Agile depends on emotional intelligence
How do emotional intelligence skills relate to the Agile principles?
Self-awareness plays a huge role in forming self-organizing teams. Individuals that know their strengths as well as their weaknesses are much more likely to seek out pro-active help for the sake of developing the best architectures, requirements, and designs. Someone that is afraid to seek out help for fear of appearing “less intelligent” may wait too long.

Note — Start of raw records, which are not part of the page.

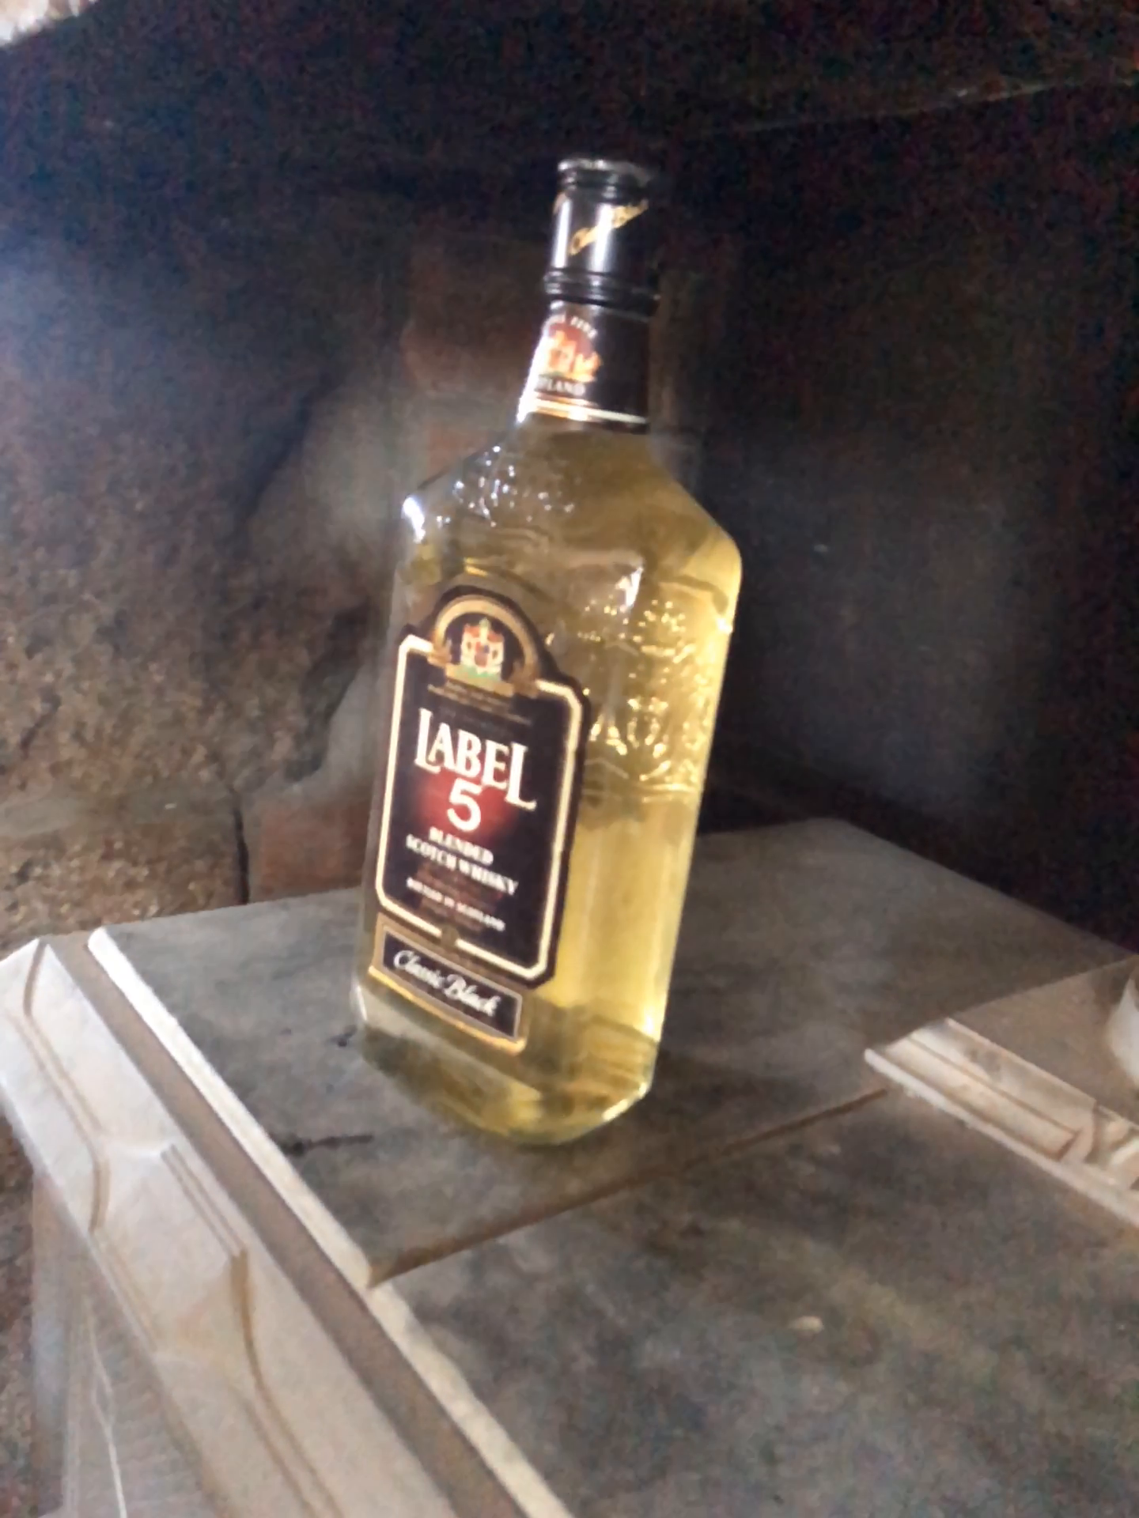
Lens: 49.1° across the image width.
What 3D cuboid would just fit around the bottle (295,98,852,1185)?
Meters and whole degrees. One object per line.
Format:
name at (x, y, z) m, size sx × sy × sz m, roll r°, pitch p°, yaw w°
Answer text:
bottle at (-0.009, -0.031, 0.337) m, size 0.110 × 0.249 × 0.060 m, roll 19°, pitch 19°, yaw 38°

Self management is key to building projects around motivated individuals. Are developer estimates achievable and can developers meet commitments on time? If requirements change, are members of the team going to be frustrated or will they be able to negotiate through to a mutually desirable conclusion?
In order to work together and communicate effectively, business leaders and the software development team must have the social awareness to understand each other and interpret subtle clues. Social awareness is particularly invaluable for software development managers and Agile coaches. If someone seems frustrated and has not met a commitment, understanding how to best communicate with this person can be critical in resolving the situation.
Relationship management brings together all of these skills in the formation and ongoing performance of teams. Agile principles founded on relationship management include:
Business people and developers must work together daily throughout the project.
The most efficient and effective method of conveying information to and within a development team is face-to-face conversation.
The best architectures, requirements, and designs emerge from self-organizing teams.
At regular intervals, the team reflects on how to become more effective, then tunes and adjusts its behavior accordingly.
The good news is that research shows that not only can emotional intelligence skills be learned but they can be retained for many years, especially in the right environment where skills can be practiced on the job and reinforced.
The Hay Group found that workshops can improve EQ.
After implementing an EQ training program with 100K+ employees, Starwood Hotels moved “from relying on scripted interactions to having associates who are able to make thoughtful decisions about how to most effectively respond to the needs and requests of our customers.”
Johnson & Johnson, Boeing, American Express, PSEG, Roche Pharmaceuticals, and L’Oreal are a few of the leaders incorporating EQ into their best practices13.
FedEx has implemented an EQ training program14 called Six Seconds with the motto: “Emotions drive people, people drive performance.”
The mind doesn’t work the way we think it does. It’s not a computer and emotion influences cognition—frequently from the driver’s seat.
We justify car purchases by saying we got a good deal when we really liked how the car made us feel. We make decisions at work based on gut feelings rather than detailed analyses because we simply don’t have time to do a cost-benefit analysis on every decision. Nothing would ever get done. These shortcuts that we’ve developed based on our experiences and emotional intuition have a great deal of value to us. However, sometimes they can steer us wrong.
Whether you manage people on Agile teams, are a team member, or interact with Agile team members, it’s important to understand that most decisions are made emotionally rather than rationally. This is why, to be successful, we need to be smart about our emotions and develop our emotional intelligence.